LIPUTAN12.ID|KEPSUL – Dinas Sosial (Dinsos) Kabupaten Kepulauan Sula Provinsi Maluku Utara, mulai menyalurkan bantuan Program Keluarga Harapan (PKH) tahap pertama tahun 2020 kepada para Keluarga Penerima Manfaat (KPM).

Seperti yang disampaikan Rahayu Soamole, salah satu pendamping program PKH dari Kecamatan Sulabesi Timur mengatakan, hari ini kami melakukan pendampingan untuk meyalurkan bantuan kepada para KPM di 6 Desa se-Kecamatan Sultim dan juga untuk 28 KPM asal Desa Waigoiyofa.

Pemberian KPH kepada para KPM berdasarkan Data Statistik Kementrian Sosial yang sudah divalidasi oleh pendamping seperti dirinya.

“Bantuan PKH disasarkan kepada ibu hamil dan anak, untuk memanfaatkan berbagai fasilitas layanan kesehatan (faskes) dan fasilitas layanan pendidikan (fasdik) yang tersedia di sekitar mereka,” ujar Rahayu Soamole kepada awak media, Jumat (13/3/2020).

Dikatakannya, manfaat PKH juga mulai didorong untuk mencakup penyandang disabilitas dan lanjut usia dengan mempertahankan taraf kesejahteraan sosialnya sesuai dengan amanat konstitusi dan Nawacita Presiden RI.

“Mekanisme bantuan ini, dari kementrian menyalurkan bantuan ke kartu KPM berupa KKS yang bekerja sama dengan bank BRI, lalu kami melakukan pendampingan untuk mencairkannya ke Keluarga Penerima manfaat,” kata Rahayu Soamole.

Di tempat Terpisah, Kepala Bidang (Kabid) Rehabilitasi Sosial Masyarakat dan Jaminan Sosial Dinsos Kepsul Husna Ipa, saat ditemui di ruang kerjanya mengatakan, betul, kami mulai menyalurkan bantuan PKH tahap pertama tahun 2020 kepada para KPM.

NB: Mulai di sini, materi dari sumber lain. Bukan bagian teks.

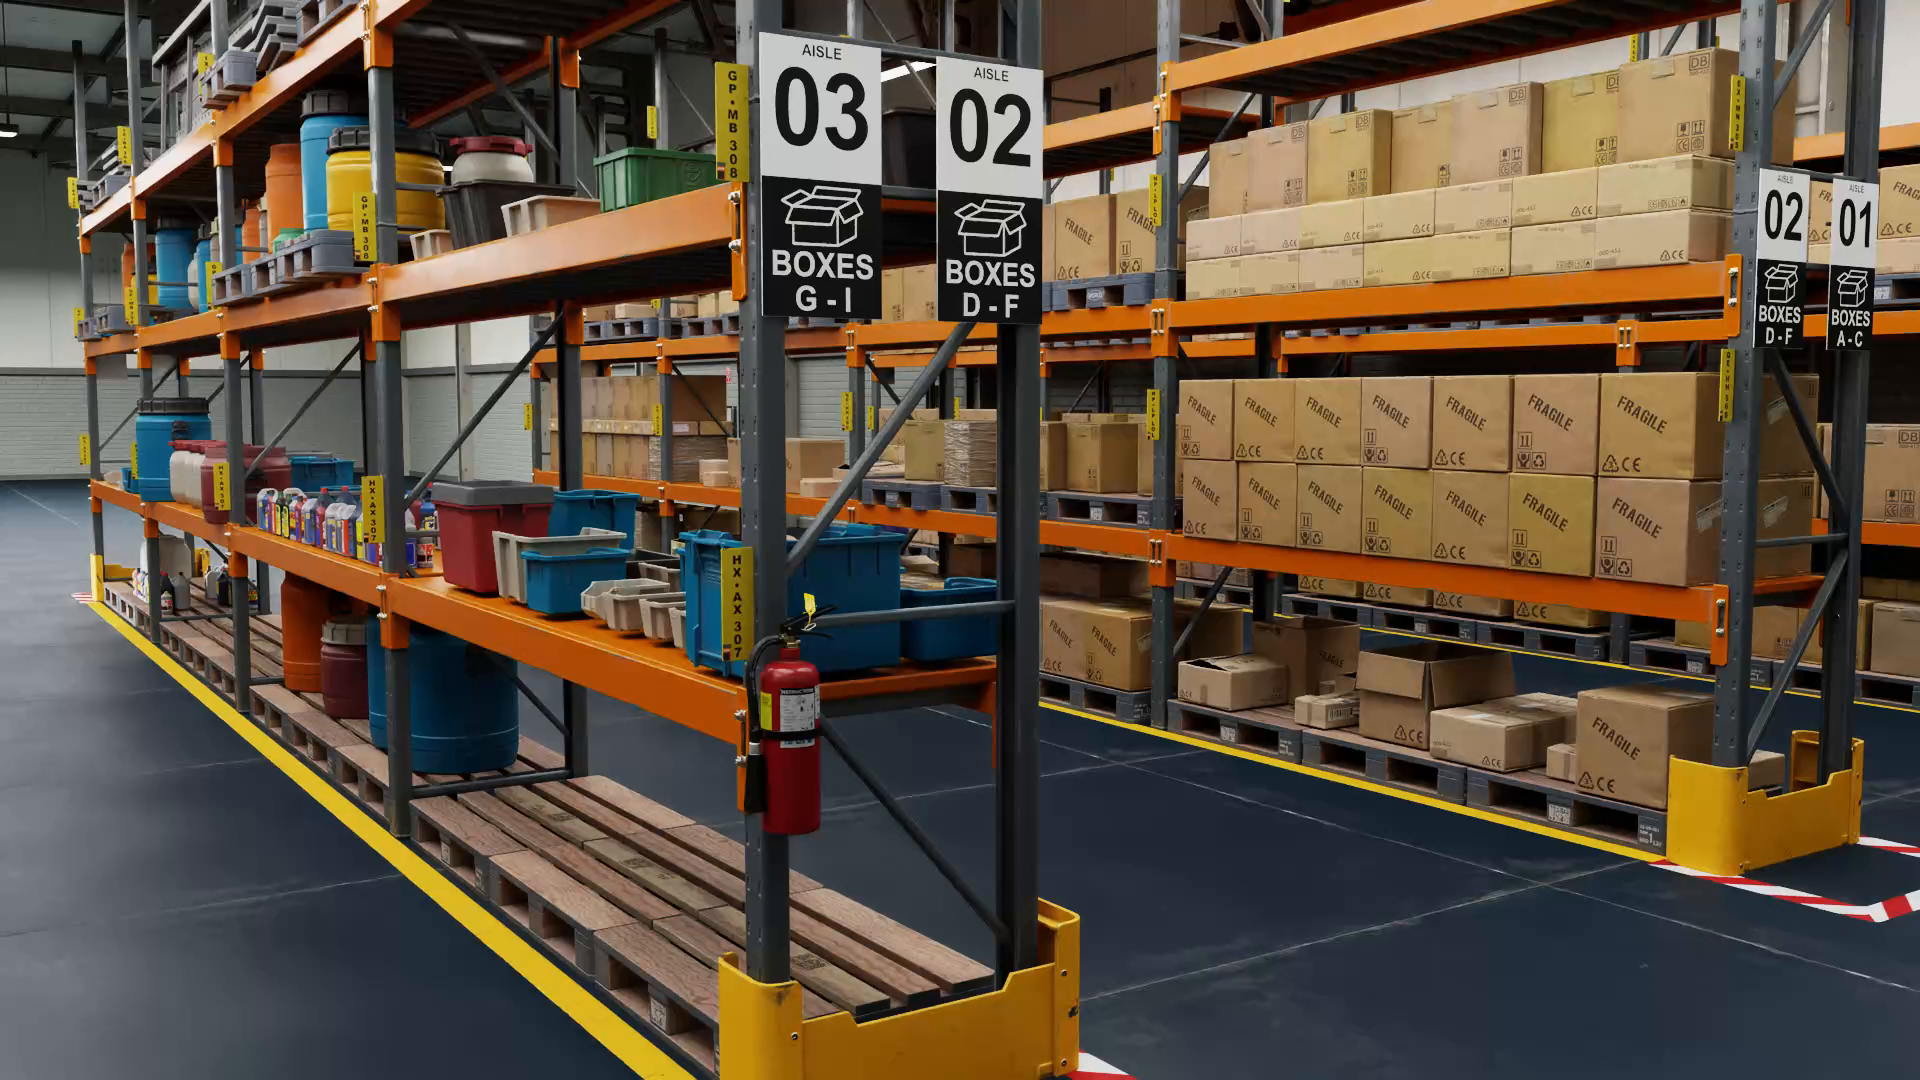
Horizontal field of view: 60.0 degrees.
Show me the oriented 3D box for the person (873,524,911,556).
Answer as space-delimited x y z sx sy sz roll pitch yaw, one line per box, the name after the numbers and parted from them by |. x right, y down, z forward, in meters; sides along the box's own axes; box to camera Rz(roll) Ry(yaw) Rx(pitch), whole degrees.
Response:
-0.813 -0.059 17.793 0.522 1.511 0.529 -3 6 -33 | person

“Sesuai juknis bahwa pencairan ini dilakukan dalam 4 tahapan per tahun, dengan kententuan bantuan seperti, Ibu Hamil sebesar Rp 3jt, Anak Usia Dini Rp 3jt, usia SD Rp 900rb, SMP Rp 1,5jt, SMA Rp 2jt, penyandang Disabilitas berat Rp 2,4jt, lanjut usia Rp 2,4jt dengan total KPM se-Kecamatan Sulbar 182 KMP jumlah bantuan 176jt lebih,” jelas Husna Ipa.

Kepala Dinas (Kadis) Sosial Kabupaten Kepulauan Sula, Rifai Amin Masuku, ketika dikonfirmasi awak media melalui pesan singkat whatsapp, dia pun mengatakan, diharapkan melalui PKH, para Keluarga Penerima Manfaat didorong untuk memiliki akses dan memanfaatkan pelayanan sosial dasar kesehatan, pendidikan, pangan dan gizi, perawatan, dan pendampingan, termasuk akses terhadap berbagai program perlindungan sosial lainnya yang merupakan program komplementer secara berkelanjutan.